第78話 精神崩壊

 アルドはルーファウスが持っている盾を強引に奪い取った。するとルーファウスの目が虚ろになり、アルドにつかみかかってきた。


「か、返せ! 僕の盾だぞ!」


「うわ……」


 ものすごい力でアルドに組み付いてきて、アルドが手にしている盾に向かってルーファウスが手を伸ばしてくる。アルドはそれを奪われまいと遠くへと投げ飛ばした。


「みんな、あの盾に触らないで。
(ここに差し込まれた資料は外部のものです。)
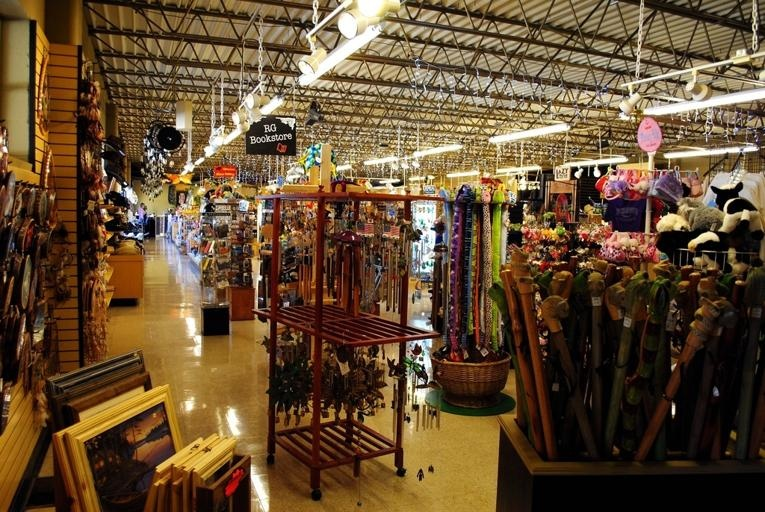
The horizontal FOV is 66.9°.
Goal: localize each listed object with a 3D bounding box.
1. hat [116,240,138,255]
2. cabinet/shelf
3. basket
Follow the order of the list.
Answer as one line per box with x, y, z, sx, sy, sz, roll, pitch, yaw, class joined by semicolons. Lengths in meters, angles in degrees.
-4.855;-0.153;10.970;0.442;0.256;0.289;-2;10;-23;hat
-0.344;0.884;5.581;1.156;3.606;2.679;1;1;-24;cabinet/shelf
0.956;1.281;6.552;0.679;0.443;0.698;-2;-1;35;basket
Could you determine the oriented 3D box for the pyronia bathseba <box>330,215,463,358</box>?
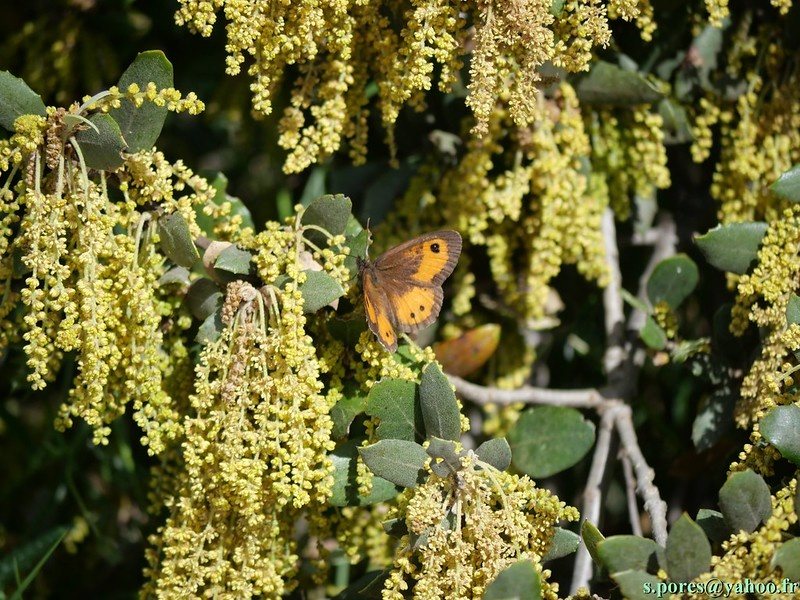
[{"bbox_3d":[-0.010,-0.034,1.816,0.204,0.200,0.094,-29,3,-39],"label":"pyronia bathseba"}]
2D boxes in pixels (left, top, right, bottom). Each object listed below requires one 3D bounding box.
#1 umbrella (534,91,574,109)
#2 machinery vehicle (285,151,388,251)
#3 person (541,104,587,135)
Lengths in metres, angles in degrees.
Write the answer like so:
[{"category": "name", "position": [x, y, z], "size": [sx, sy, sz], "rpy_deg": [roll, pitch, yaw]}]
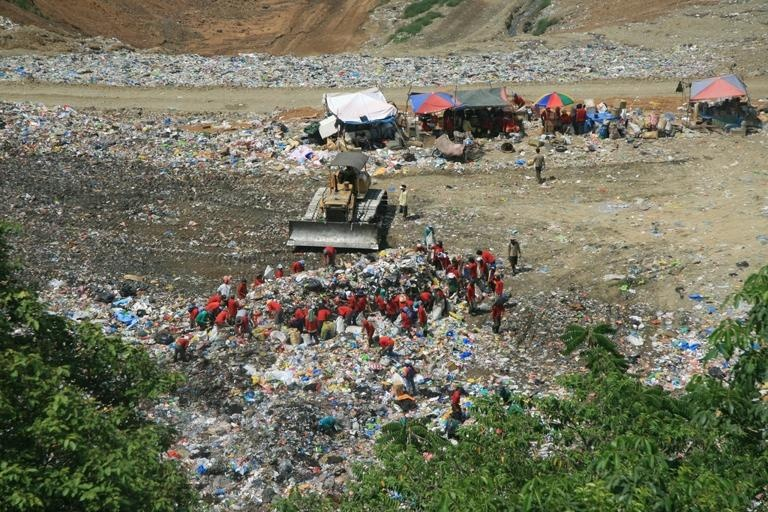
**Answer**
[{"category": "umbrella", "position": [6.714, -6.109, 27.200], "size": [1.967, 1.720, 0.513], "rpy_deg": [-5, -74, 3]}, {"category": "machinery vehicle", "position": [-1.176, -1.853, 21.002], "size": [2.870, 3.387, 1.678], "rpy_deg": [6, -51, 13]}, {"category": "person", "position": [6.942, -5.218, 26.763], "size": [1.523, 1.343, 0.749], "rpy_deg": [3, -70, 10]}]
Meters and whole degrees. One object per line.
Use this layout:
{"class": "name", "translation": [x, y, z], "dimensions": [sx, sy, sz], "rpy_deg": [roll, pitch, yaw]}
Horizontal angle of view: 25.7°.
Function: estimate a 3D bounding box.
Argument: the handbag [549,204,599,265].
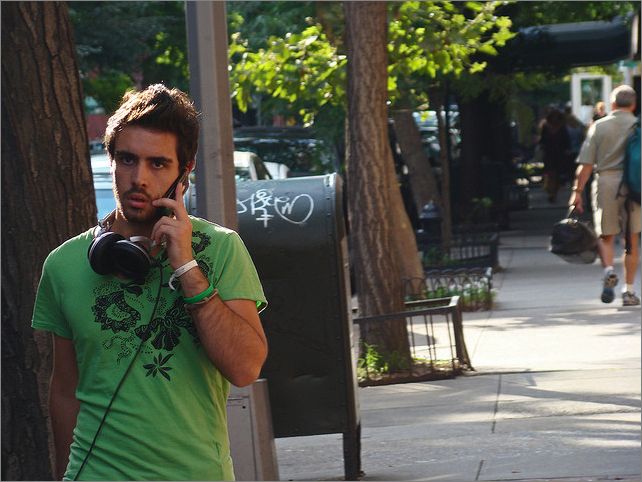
{"class": "handbag", "translation": [2.983, -0.018, 16.468], "dimensions": [0.604, 0.792, 0.548], "rpy_deg": [5, 11, 33]}
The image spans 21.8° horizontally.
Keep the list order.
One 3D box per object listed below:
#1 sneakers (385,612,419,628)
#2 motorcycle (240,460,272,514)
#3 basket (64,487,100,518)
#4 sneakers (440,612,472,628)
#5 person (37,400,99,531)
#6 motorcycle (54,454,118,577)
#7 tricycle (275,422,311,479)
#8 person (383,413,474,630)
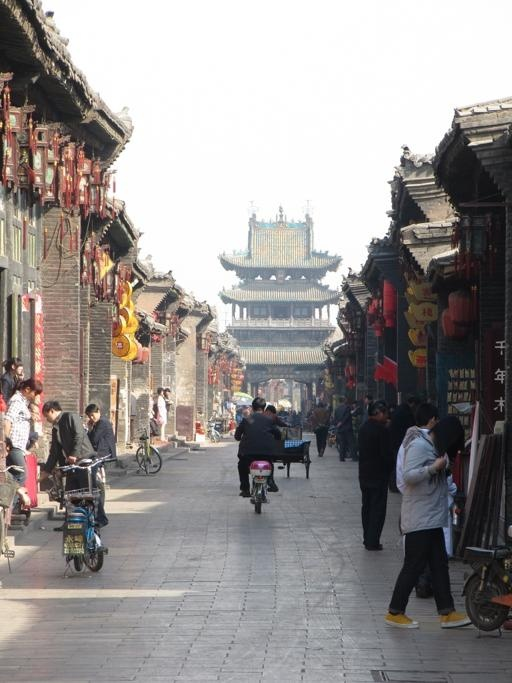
[{"bbox_3d":[1.015,1.951,9.302,0.222,0.117,0.090,1,5,3],"label":"sneakers"},{"bbox_3d":[-0.004,1.796,16.929,0.282,0.437,0.646,1,-2,1],"label":"motorcycle"},{"bbox_3d":[-1.577,1.484,11.962,0.241,0.261,0.381,2,6,5],"label":"basket"},{"bbox_3d":[1.382,1.949,9.329,0.222,0.122,0.090,-3,3,0],"label":"sneakers"},{"bbox_3d":[-1.977,1.342,13.871,0.492,0.464,1.278,4,25,-19],"label":"person"},{"bbox_3d":[-1.582,1.648,11.966,0.454,0.637,0.970,-1,7,2],"label":"motorcycle"},{"bbox_3d":[0.691,2.147,24.210,0.667,0.972,1.153,0,5,2],"label":"tricycle"},{"bbox_3d":[1.243,1.291,9.672,0.491,1.583,0.483,3,-5,-10],"label":"person"}]

後で僕が回収するから!」


「た、盾……! あ、あの盾がないと僕はダメなんだああ!」


 ルーファウスがアルドを突き飛ばす。これまで引く動きをしていたのに対して、急に押す力が加わり、それでアルドが体勢を崩す。


「うわっ……」


 ルーファウスがアルドが投げた盾の方向に向かって走っていく。


「まずい! ハーデン!」


 ミラが対象の脚を石化させる魔法を唱える。これにより、ルーファウスの脚が石化して動かなくなる。


「ぐっ……うわああああ! じゃ、邪霊が迫ってくる。に、逃げなきゃああ、うわああ!」


 ルーファウスが脚に力を込めて必死にもがく。石化した脚がピキピキと音を立ててヒビが入る。そして、グシャアと石が砕けて、ルーファウスの脚が再び動くようになった。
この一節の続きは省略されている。